Helen Dixon’s office is overseeing the investigation as the company’s EU headquarters is based in Dublin.

“It’s specifically into transparency issues in relation to publications operated by the company,” Ms Dixon told Independent.ie. “There were more 38 complaints redirected to us by other EU data protection authorities. Those authorities were in receipt of a significant volume of complaints from individuals specifically relating to services by media sites.”

Other online properties owned by Verizon Media include Techcrunch, Engadget and AOL. It is currently in the process of selling the social media platform Tumblr to Automattic, which owns Wordpress.

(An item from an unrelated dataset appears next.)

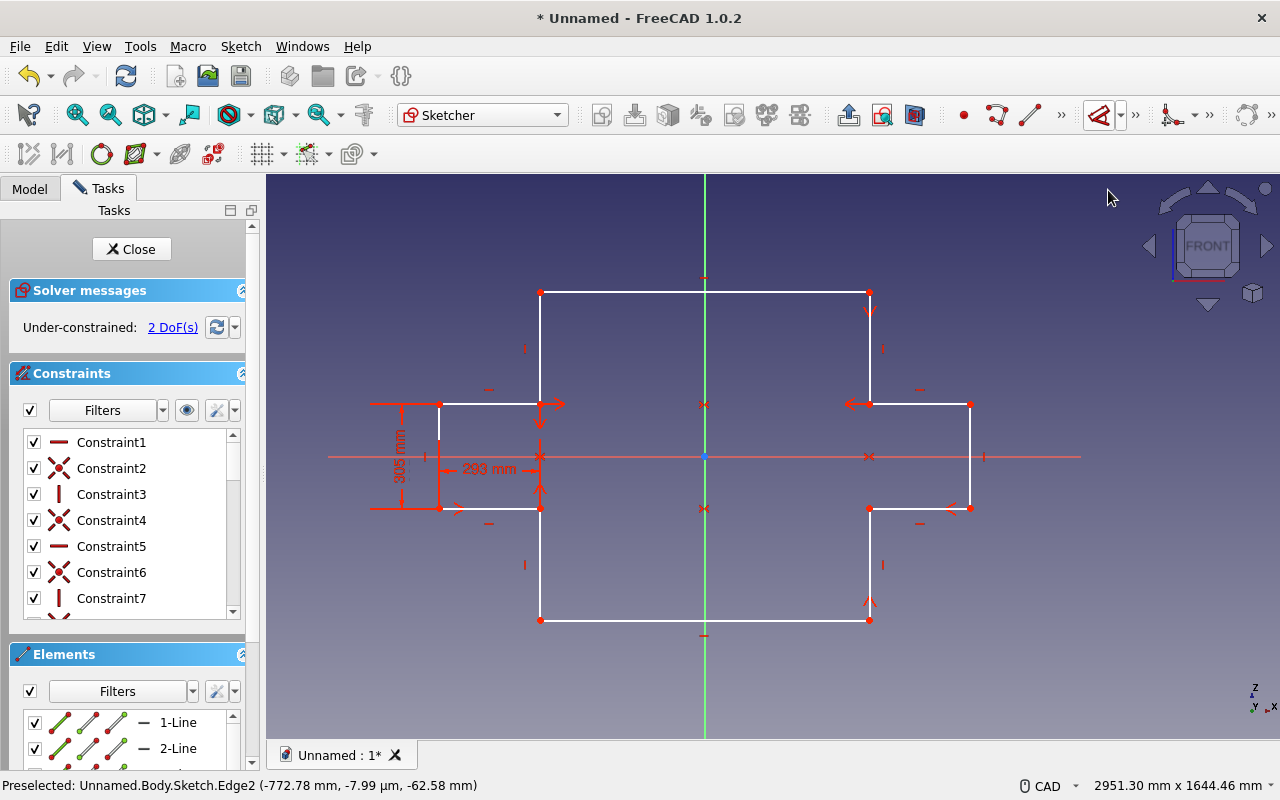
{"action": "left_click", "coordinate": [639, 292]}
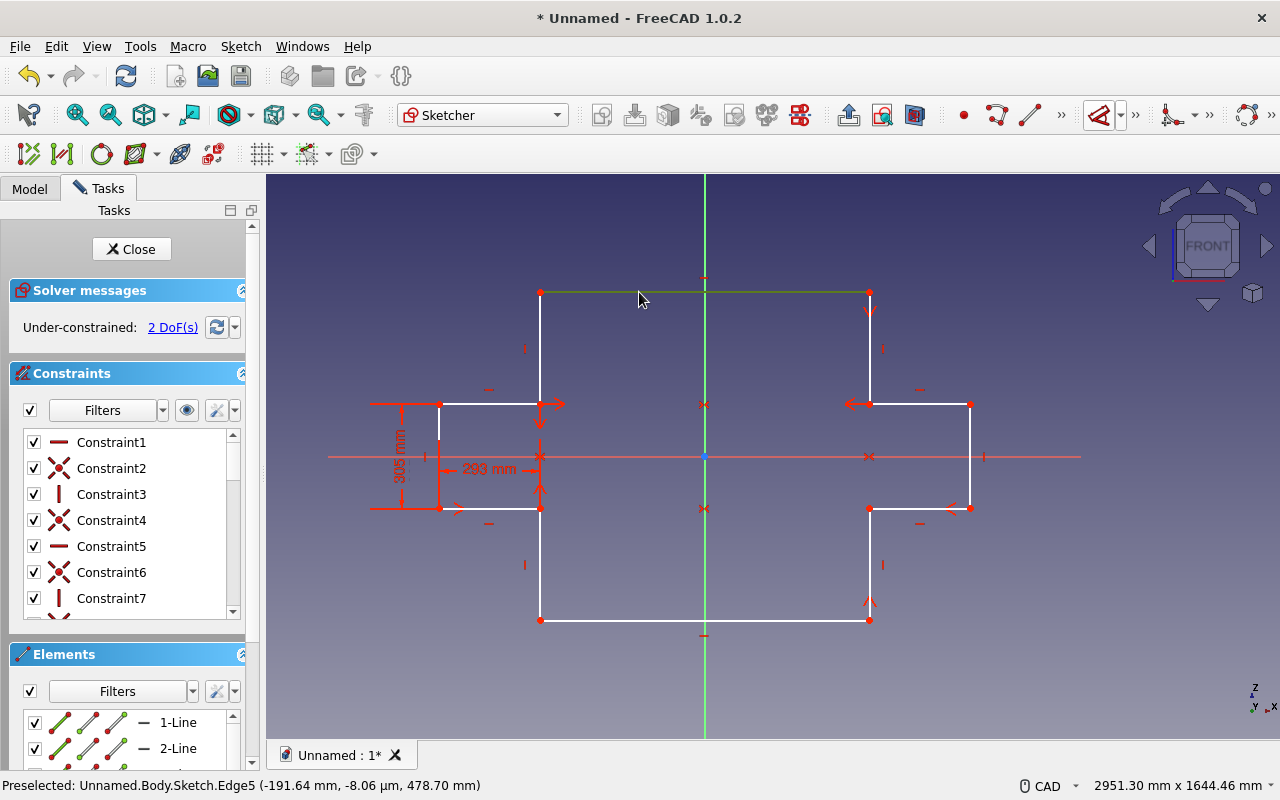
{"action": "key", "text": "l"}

She said that some of the complaints related to when “effectively there’s no choice when cookie banners are offered. The only option seems to be to click okay”.

Ms Dixon also said that her office’s first major GDPR decision relating to a multinational tech firm looks set to be about Whatsapp.

“I expect that file to land on my desk in the next fortnight,” she said.

However, it is then likely to take “months” to arrive at a formal decision due to a statutory process of “examination and analysis”.

“I'd like to say that we could do it on 48 hours, but it has to be in the order of months to be done in the way that it has to be done. I will have to allow them a period of time to respond. I would have to consider their responses.”

The WhatsApp investigation is examining whether WhatsApp has “discharged its GDPR transparency obligations with regard to the provision of information and the transparency of that information to both users and non-users of WhatsApp’s services, including information provided to data subjects about the processing of information between WhatsApp and other Facebook companies”, according to the DPC’s office.

Ms Dixon’s office currently has 61 statutory enquiries under way under GDPR law, 21 of which are focused on tech multinational firms. These include Facebook (8), Twitter (3), Apple (3), Whatsapp (2), Instagram (1), Google (1), Linkedin (1), Quantcast (1) and Verizon Media (1).

Under GDPR law, the Irish DPC can fine a company up to 4pc of its annual turnover.

Earlier this month, US authorities fined Facebook $5bn for data privacy failings in the largest settlement of its kind to date.

However, Ms Dixon said that while the Irish office was prepared to use the “scope” of the GDPR’s maximum 4pc fine structure, the EU process is different to the American one.

“We're not really looking at $5bn or what the FTC has done,” she said.

“We've got to look at this fairly under the legal framework that we have. One criticism of the FTC’s decision is that it has done nothing to change Facebook’s business model or the way that Facebook will handle personal data.

"The decisions that we make here have to have an impact in terms of punishing any contraventions and providing a precedent for others in terms of how we say the GDPR must be applied.”

Ms Dixon said that another decision - into Garda surveillance techniques using CCTV cameras and identification of car licence plates - is nearing a final result, having been passed from the DPC’s investigation team to Ms Dixon last month.